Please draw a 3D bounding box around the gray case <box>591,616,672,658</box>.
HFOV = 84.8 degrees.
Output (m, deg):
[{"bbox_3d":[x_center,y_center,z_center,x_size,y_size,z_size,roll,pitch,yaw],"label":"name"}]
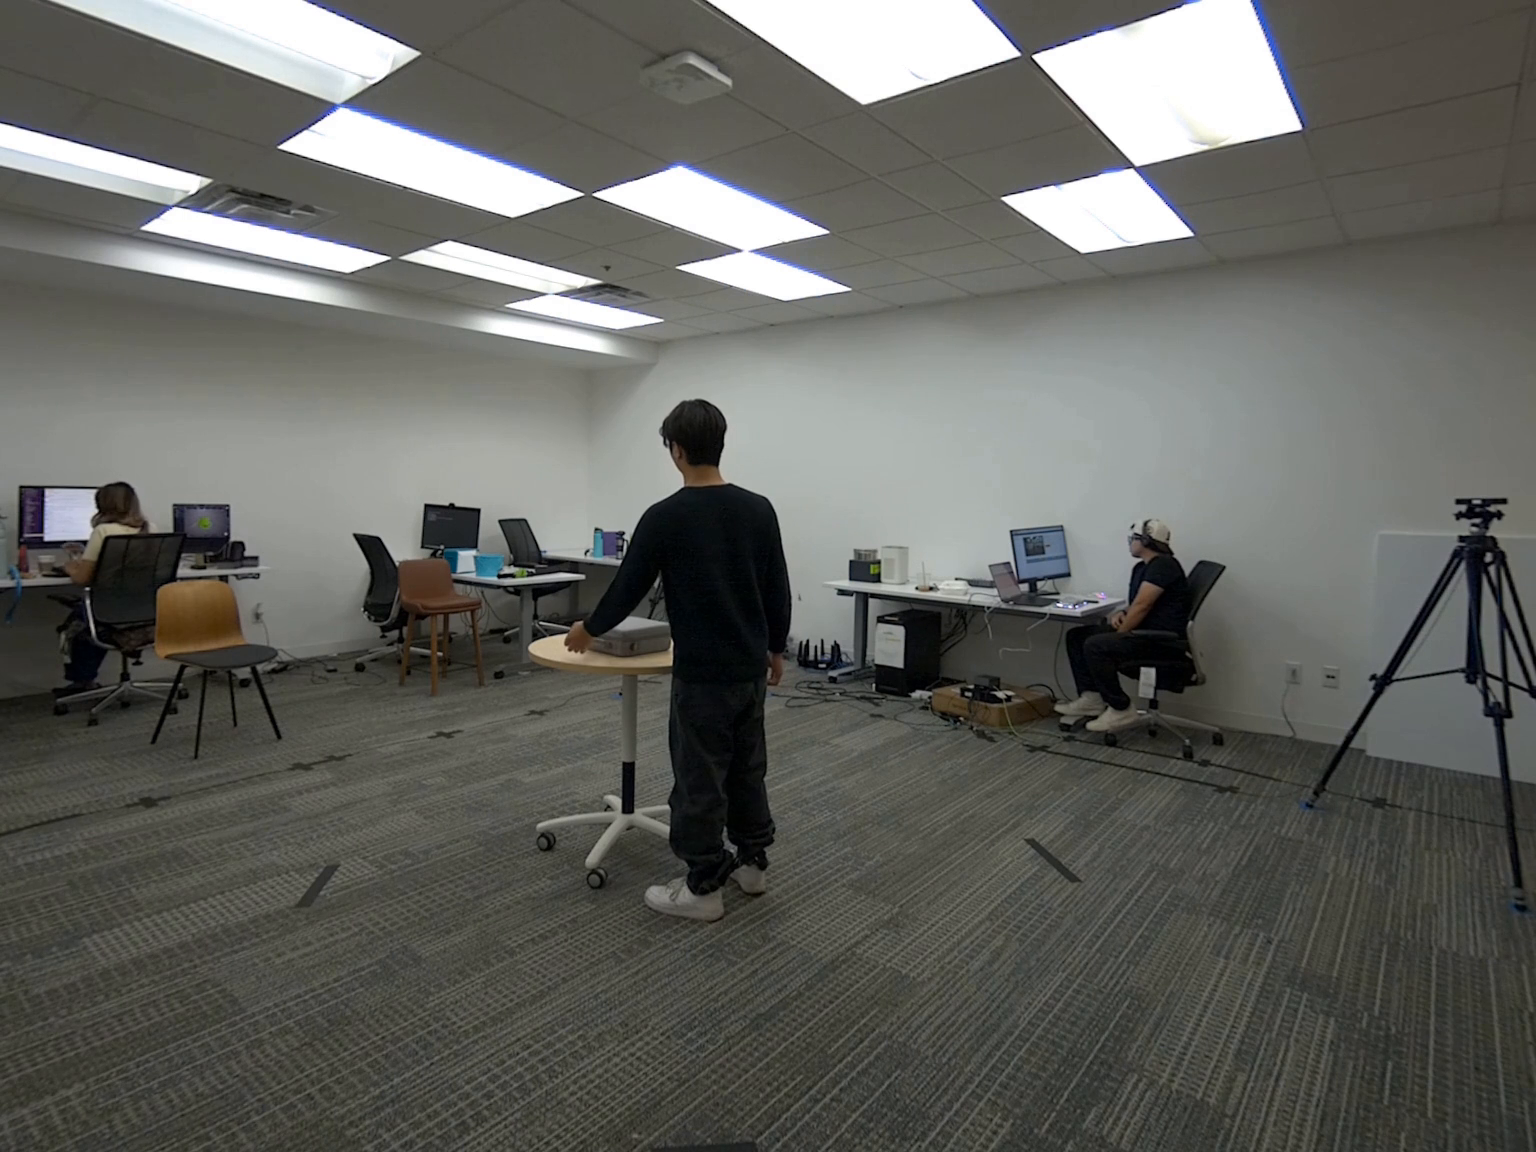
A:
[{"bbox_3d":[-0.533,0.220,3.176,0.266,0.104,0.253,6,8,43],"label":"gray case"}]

==

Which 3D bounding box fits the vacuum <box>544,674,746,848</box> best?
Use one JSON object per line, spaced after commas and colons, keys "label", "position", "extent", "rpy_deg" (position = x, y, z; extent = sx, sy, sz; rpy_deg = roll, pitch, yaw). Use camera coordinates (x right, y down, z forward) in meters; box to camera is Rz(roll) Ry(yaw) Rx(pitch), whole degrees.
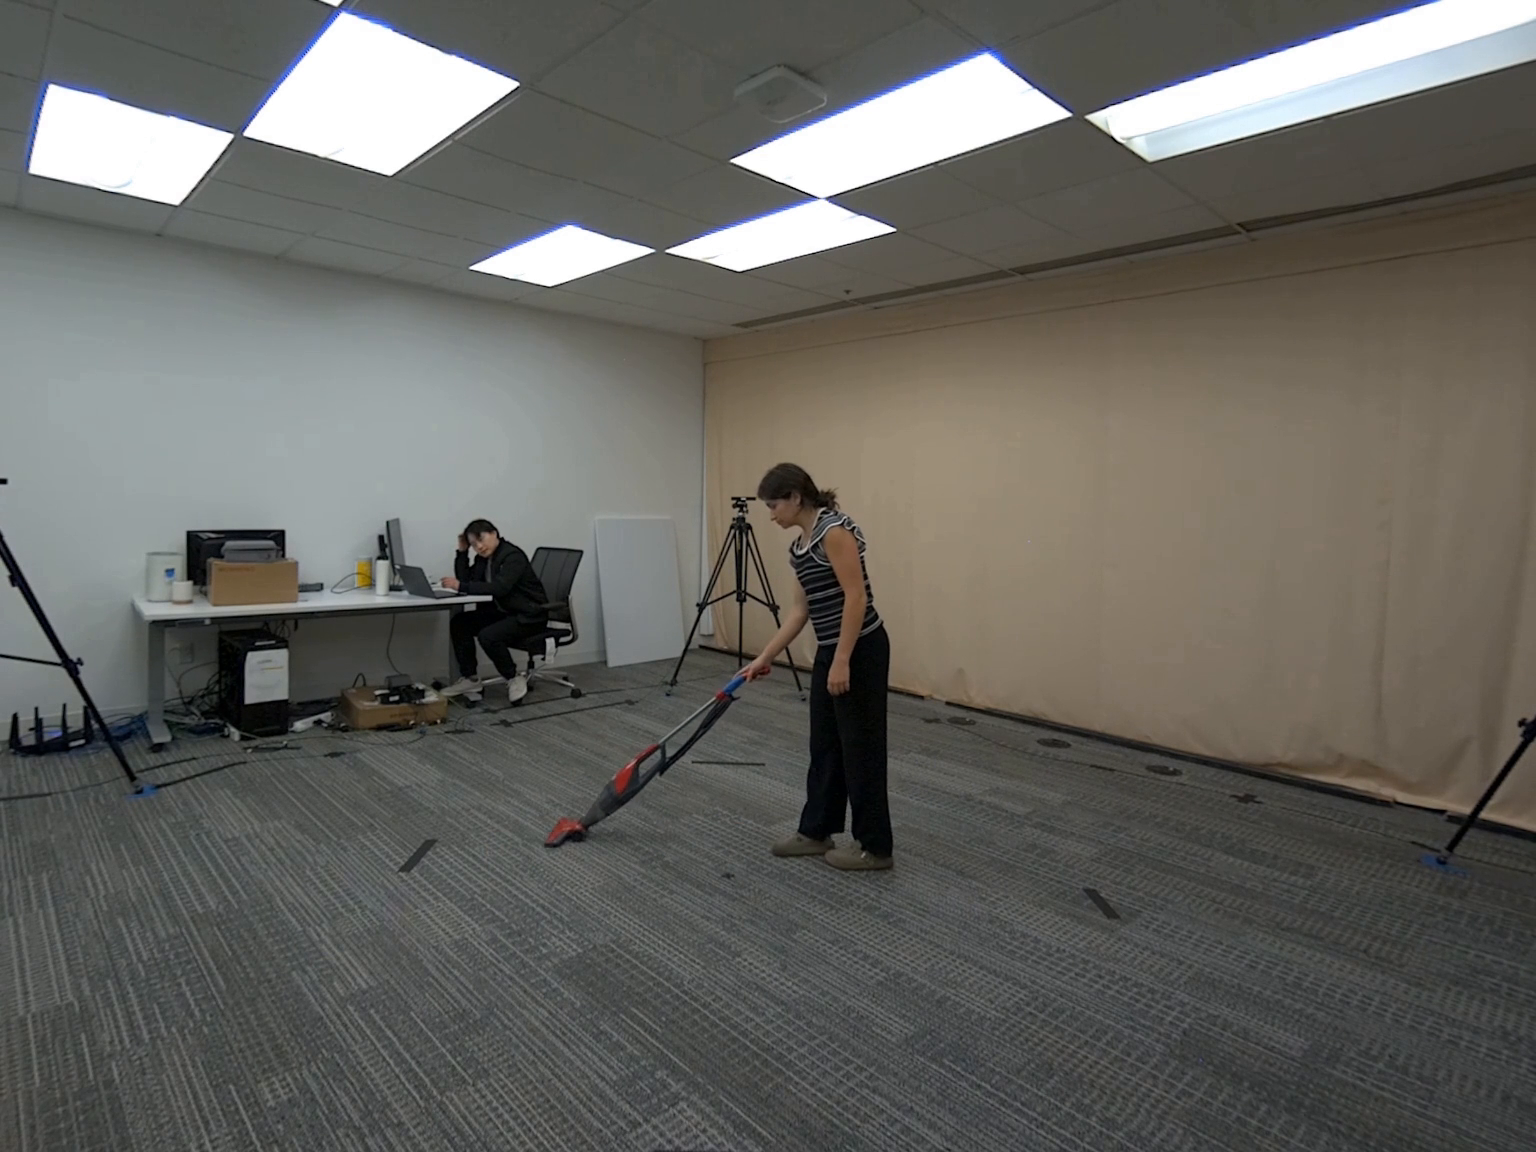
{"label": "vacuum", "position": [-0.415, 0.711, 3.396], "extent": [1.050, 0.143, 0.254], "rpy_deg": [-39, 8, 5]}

### Exercise requirements:
Check each line of the data above for the word "bounding" and copy the ones where it is found.

### Task output:
Please draw a 3D bounding box around the gray case <box>591,616,672,658</box>.
Which 3D bounding box fits the vacuum <box>544,674,746,848</box> best?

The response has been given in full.